=== DATA TO EXAMINE ===

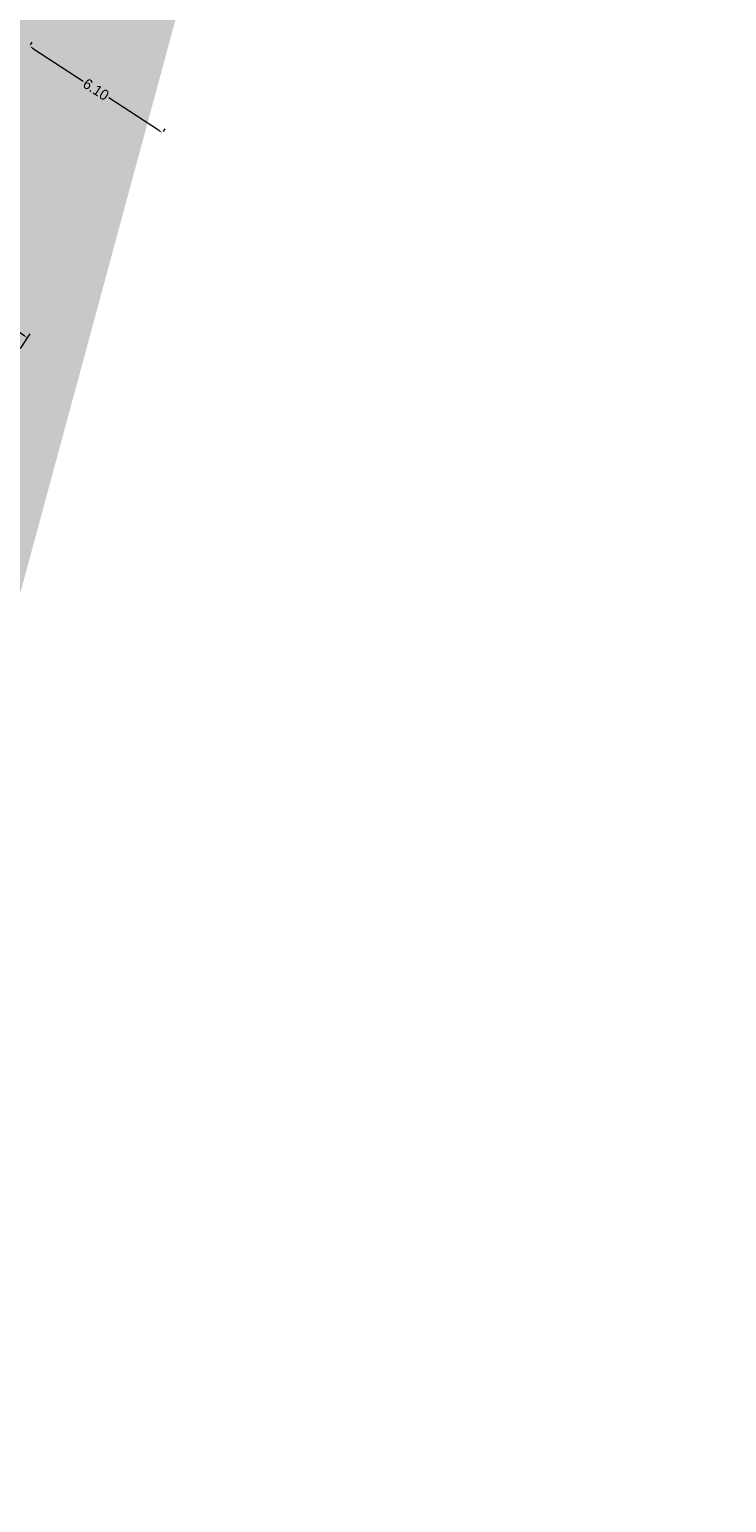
# Model space of a CAD drawing. Header units: inches. Extents: x 0 to 191500, y 0 to 342750.
# Tile 119 of 256: x 186362 to 186389, y 331151 to 331208. Entities that reach past the tile are written whole.
import ezdxf

# ---------------------------------------------------------------- set-up
doc = ezdxf.new("R2010")
doc.units = ezdxf.units.IN
doc.header["$MEASUREMENT"] = 0
doc.linetypes.add('RI-GWA_HUISAANSLUITING', pattern=[23, 4, -1.8, 2.6, -1.8, 4.6, -1.8, 4.6, -1.8])
doc.layers.get('DefPoints').update_dxf_attribs({"lineweight": 20})
for name, color, linetype, lineweight in [('ECW', 150, 'Continuous', 20), ('N-WE-RI-GWA-MAATVOERING-T25', 30, 'RI-GWA_HUISAANSLUITING', 20), ('Tekst algemeen', 7, 'Continuous', 20)]:
    doc.layers.add(name, color=color, linetype=linetype, lineweight=lineweight)
doc.styles.add('Verdana', font='arial.ttf')
doc.dimstyles.get("Standard").update_dxf_attribs({"dimtxt": 0.18, "dimasz": 0.18, "dimexe": 0.18, "dimexo": 0.0625, "dimgap": 0.09, "dimtad": 0, "dimtih": 1, "dimtoh": 1, "dimdec": 4, "dimzin": 0, "dimdsep": 46, "dimtxsty": 'Standard', "dimcen": 0.09, "dimadec": 0, "dimazin": 0, "dimtfac": 1, "dimtdec": 4, "dimtofl": 0, "dimtmove": 0, "dimatfit": 3, "dimfxl": 1, "dimtolj": 1, "dimtzin": 0, "dimarcsym": 0})
doc.dimstyles.new('Waterblock1OP1', dxfattribs={"dimscale": 3, "dimtxt": 30, "dimasz": 20, "dimexe": 2, "dimexo": 1, "dimgap": 5, "dimtad": 1, "dimdec": 1, "dimdsep": 46, "dimtxsty": 'Verdana', "dimcen": -10, "dimse1": 1, "dimse2": 1, "dimadec": 0, "dimazin": 0, "dimtfac": 1, "dimtdec": 1, "dimtmove": 1, "dimatfit": 3, "dimfxl": 1, "dimtolj": 1, "dimtzin": 0, "dimarcsym": 0})
picture_1 = doc.add_image_def('image1.ecw', size_in_pixel=(220000, 285000))

# ---------------------------------------------------------------- blocks, each defined once
blk = doc.blocks.new('*D2741')
at = {"layer": 'DefPoints', "color": 0, "linetype": 'Continuous', "transparency": 16777216}
for p in [(186362.055, 331207.195), (186367.165, 331203.863), (186367.165, 331203.863)]:
    blk.add_point(p, dxfattribs=at)
at = {"layer": 'N-WE-RI-GWA-MAATVOERING-T25', "color": 0, "linetype": 'Continuous', "lineweight": 0, "transparency": 16777216}
for p, q in [((186362.089, 331207.247), (186362.154, 331207.345)), ((186362.206, 331207.096), (186364.116, 331205.851)), ((186367.014, 331203.961), (186365.104, 331205.206)), ((186367.199, 331203.915), (186367.263, 331204.013))]:
    blk.add_line(p, q, dxfattribs=at)
at = {"layer": 'N-WE-RI-GWA-MAATVOERING-T25', "color": 0, "linetype": 'Continuous', "transparency": 16777216}
for points in [[(186362.222, 331207.121), (186362.19, 331207.071), (186362.055, 331207.195)], [(186367.03, 331203.986), (186366.998, 331203.936), (186367.165, 331203.863)]]:
    blk.add_solid(points, dxfattribs=at)
at = {"layer": 'N-WE-RI-GWA-MAATVOERING-T25', "color": 0, "linetype": 'Continuous', "transparency": 16777216, "insert": (186364.61, 331205.529), "char_height": 0.4, "attachment_point": 5, "rotation": 326.8921}
blk.add_mtext('\\A1;6.10', dxfattribs=at)
blk = doc.blocks.new('*D2664')
at = {"layer": 'DefPoints', "color": 0, "linetype": 'Continuous', "transparency": 16777216}
for p in [(186356.903, 331198.639), (186361.98, 331195.989), (186361.677, 331195.525)]:
    blk.add_point(p, dxfattribs=at)
at = {"layer": 'N-WE-RI-GWA-MAATVOERING-T25', "color": 0, "linetype": 'Continuous', "lineweight": 0, "transparency": 16777216}
for p, q in [((186356.937, 331198.691), (186357.303, 331199.253)), ((186357.356, 331199.004), (186359.135, 331197.844)), ((186361.829, 331196.087), (186360.235, 331197.127)), ((186361.711, 331195.578), (186362.078, 331196.14))]:
    blk.add_line(p, q, dxfattribs=at)
at = {"layer": 'N-WE-RI-GWA-MAATVOERING-T25', "color": 0, "linetype": 'Continuous', "transparency": 16777216}
for points in [[(186357.372, 331199.029), (186357.339, 331198.979), (186357.205, 331199.102)], [(186361.845, 331196.112), (186361.812, 331196.062), (186361.98, 331195.989)]]:
    blk.add_solid(points, dxfattribs=at)
at = {"layer": 'N-WE-RI-GWA-MAATVOERING-T25', "color": 0, "linetype": 'Continuous', "transparency": 16777216, "insert": (186359.685, 331197.485), "char_height": 0.4, "attachment_point": 5, "rotation": 326.8921}
blk.add_mtext('\\A1;5.70', dxfattribs=at)

msp = doc.modelspace()

# ---------------------------------------------------------------- dimensions: what is measured, and where the dimension line sits
at = {"layer": 'N-WE-RI-GWA-MAATVOERING-T25', "linetype": 'Continuous'}
dim = msp.add_aligned_dim(p1=(186362.05526, 331207.19456), p2=(186367.16489, 331203.86264), distance=0, dimstyle='Standard', override={"dimtxt": 0.4, "dimtih": 0, "dimdec": 2, "dimdsep": 0, "dimtdec": 2, "dimlwd": 0, "dimlwe": 0}, dxfattribs=at)
dim.commit()
dim.dimension.update_dxf_attribs({"geometry": '*D2741', "text_midpoint": (186364.61007, 331205.5286)})
dim = msp.add_linear_dim(base=(186361.97956, 331195.98902), p1=(186356.90267, 331198.63883), p2=(186361.67724, 331195.52539), angle=326.892133, dimstyle='Standard', override={"dimtxt": 0.4, "dimtih": 0, "dimdec": 2, "dimdsep": 0, "dimtdec": 2, "dimlwd": 0, "dimlwe": 0}, dxfattribs=at)
dim.commit()
dim.dimension.update_dxf_attribs({"geometry": '*D2664', "text_midpoint": (186359.68495, 331197.4853), "dimtype": 161})

# ---------------------------------------------------------------- pictures from other files: only their frames are drawn
at = {"layer": 'ECW'}
image = msp.add_image(picture_1, insert=(180500, 328500), size_in_units=(11000, 14250), dxfattribs=at)
image.dxf.flags = 7

# ---------------------------------------------------------------- leaders
at = {"layer": 'Tekst algemeen'}
msp.add_leader([(186248.73232, 330768.71099), (186249.7877, 330779.09011)], dimstyle='Waterblock1OP1', override={"dimasz": 200}, dxfattribs=at)

doc.saveas('drawing.dxf')

===

YOUR OBJECTIVE:
Where a line above contains the word "dimlwe", copy that line.

ANSWER SECTION:
dim = msp.add_aligned_dim(p1=(186362.05526, 331207.19456), p2=(186367.16489, 331203.86264), distance=0, dimstyle='Standard', override={"dimtxt": 0.4, "dimtih": 0, "dimdec": 2, "dimdsep": 0, "dimtdec": 2, "dimlwd": 0, "dimlwe": 0}, dxfattribs=at)
dim = msp.add_linear_dim(base=(186361.97956, 331195.98902), p1=(186356.90267, 331198.63883), p2=(186361.67724, 331195.52539), angle=326.892133, dimstyle='Standard', override={"dimtxt": 0.4, "dimtih": 0, "dimdec": 2, "dimdsep": 0, "dimtdec": 2, "dimlwd": 0, "dimlwe": 0}, dxfattribs=at)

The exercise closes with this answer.